(Your task):
Look below and pull out each line with the word "cuboid".

(Extracted data entries):
"""
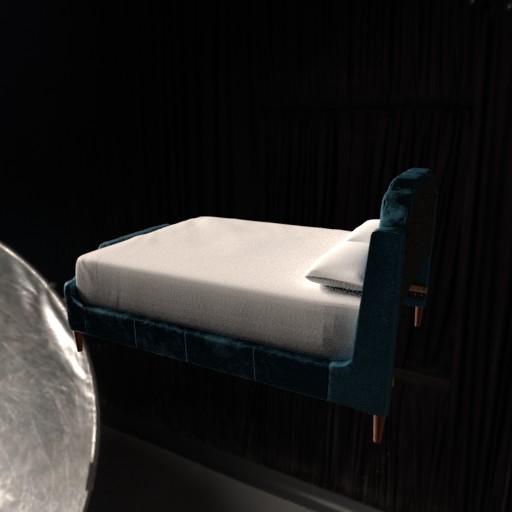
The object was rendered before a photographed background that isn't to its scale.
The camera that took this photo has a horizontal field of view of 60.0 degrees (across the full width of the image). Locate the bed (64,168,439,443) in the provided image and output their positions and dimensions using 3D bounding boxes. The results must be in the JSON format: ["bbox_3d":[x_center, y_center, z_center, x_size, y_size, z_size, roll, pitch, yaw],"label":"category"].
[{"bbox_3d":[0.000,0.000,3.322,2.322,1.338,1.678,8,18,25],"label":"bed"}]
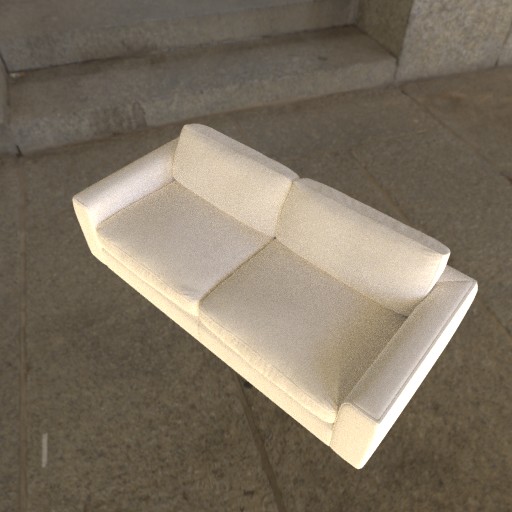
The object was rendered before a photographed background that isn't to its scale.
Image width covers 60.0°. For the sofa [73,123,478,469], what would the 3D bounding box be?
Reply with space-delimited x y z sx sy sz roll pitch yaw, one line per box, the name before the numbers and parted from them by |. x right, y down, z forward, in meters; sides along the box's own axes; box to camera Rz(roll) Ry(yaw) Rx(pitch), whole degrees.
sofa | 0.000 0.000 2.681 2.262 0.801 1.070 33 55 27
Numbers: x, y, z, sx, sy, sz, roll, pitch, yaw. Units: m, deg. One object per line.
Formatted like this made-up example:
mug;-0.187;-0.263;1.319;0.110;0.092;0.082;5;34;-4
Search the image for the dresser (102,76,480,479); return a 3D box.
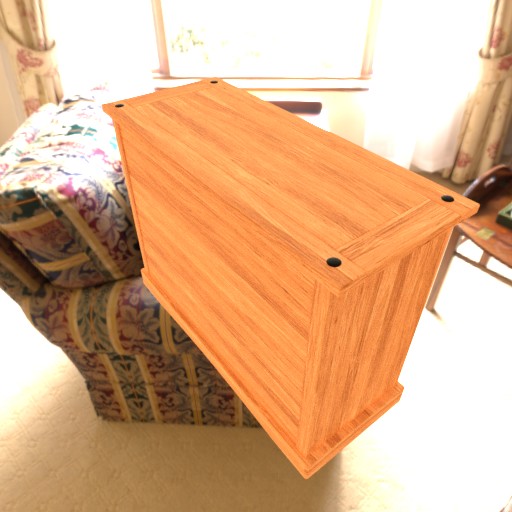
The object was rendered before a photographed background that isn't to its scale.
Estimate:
"""
"""
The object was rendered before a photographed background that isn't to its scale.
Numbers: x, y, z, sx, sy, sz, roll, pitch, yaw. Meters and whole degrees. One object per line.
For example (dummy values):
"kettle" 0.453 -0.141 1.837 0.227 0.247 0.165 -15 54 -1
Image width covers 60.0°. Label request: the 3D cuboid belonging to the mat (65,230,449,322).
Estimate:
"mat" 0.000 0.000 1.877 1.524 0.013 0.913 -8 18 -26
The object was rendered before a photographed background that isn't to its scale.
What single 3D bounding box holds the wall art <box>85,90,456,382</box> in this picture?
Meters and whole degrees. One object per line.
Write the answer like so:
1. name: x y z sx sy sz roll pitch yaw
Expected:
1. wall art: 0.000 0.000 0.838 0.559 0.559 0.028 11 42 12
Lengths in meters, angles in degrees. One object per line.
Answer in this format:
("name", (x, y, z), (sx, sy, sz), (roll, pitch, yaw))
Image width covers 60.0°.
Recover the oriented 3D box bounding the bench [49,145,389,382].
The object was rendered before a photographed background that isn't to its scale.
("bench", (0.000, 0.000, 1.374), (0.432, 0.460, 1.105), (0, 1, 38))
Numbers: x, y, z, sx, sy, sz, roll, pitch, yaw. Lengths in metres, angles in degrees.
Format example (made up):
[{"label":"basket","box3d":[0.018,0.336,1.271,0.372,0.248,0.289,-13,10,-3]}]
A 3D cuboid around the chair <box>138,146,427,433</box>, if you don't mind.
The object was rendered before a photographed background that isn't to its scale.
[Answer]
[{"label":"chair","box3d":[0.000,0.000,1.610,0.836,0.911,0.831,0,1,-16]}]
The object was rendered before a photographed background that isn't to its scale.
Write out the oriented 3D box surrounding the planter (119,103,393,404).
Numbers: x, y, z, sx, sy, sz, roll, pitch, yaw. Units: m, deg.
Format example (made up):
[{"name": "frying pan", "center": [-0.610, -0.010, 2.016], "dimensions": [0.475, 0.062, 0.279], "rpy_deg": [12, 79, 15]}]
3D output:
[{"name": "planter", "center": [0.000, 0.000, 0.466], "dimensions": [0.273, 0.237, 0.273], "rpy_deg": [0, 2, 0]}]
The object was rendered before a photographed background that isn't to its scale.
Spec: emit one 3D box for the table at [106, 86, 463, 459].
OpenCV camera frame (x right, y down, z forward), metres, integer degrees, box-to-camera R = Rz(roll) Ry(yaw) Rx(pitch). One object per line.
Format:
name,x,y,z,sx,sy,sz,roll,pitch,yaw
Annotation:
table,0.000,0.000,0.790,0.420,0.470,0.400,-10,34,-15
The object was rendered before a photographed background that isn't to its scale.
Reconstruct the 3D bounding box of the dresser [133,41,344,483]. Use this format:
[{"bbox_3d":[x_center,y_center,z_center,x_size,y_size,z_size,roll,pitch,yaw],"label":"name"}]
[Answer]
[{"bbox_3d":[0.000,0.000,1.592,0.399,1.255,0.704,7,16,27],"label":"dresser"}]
"""
(Task solution):
Image width covers 60.0°. Label request: the 3D cuboid belonging to the mat (65,230,449,322).
A 3D cuboid around the chair <box>138,146,427,433</box>, if you don't mind.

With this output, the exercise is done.